▶ [Work task]:
Please transcribe only the lines between the one containing "Would you please" and the end of the records, both ends included, exactly as written; skip every picture.

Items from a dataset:
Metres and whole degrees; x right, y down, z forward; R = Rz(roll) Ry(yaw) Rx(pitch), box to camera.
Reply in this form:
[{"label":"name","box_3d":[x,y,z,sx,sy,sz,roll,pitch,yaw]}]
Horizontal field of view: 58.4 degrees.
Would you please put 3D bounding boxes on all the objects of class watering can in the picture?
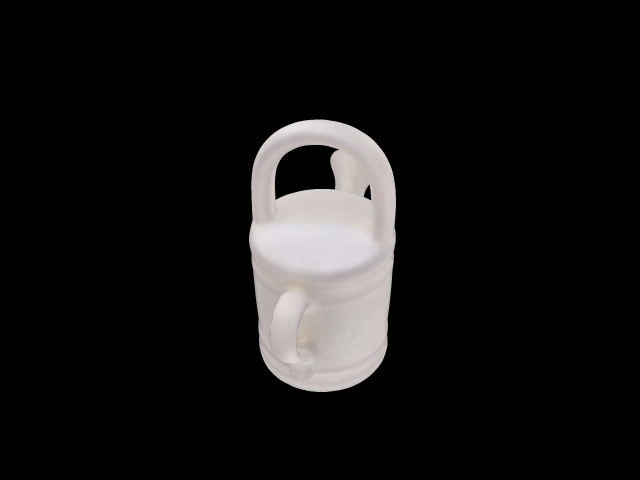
[{"label":"watering can","box_3d":[0.001,0.001,0.400,0.101,0.194,0.172,-3,39,-4]}]

▶ [Solution to this exercise]:
Would you please put 3D bounding boxes on all the objects of class watering can in the picture?
[{"label":"watering can","box_3d":[0.001,0.001,0.400,0.101,0.194,0.172,-3,39,-4]}]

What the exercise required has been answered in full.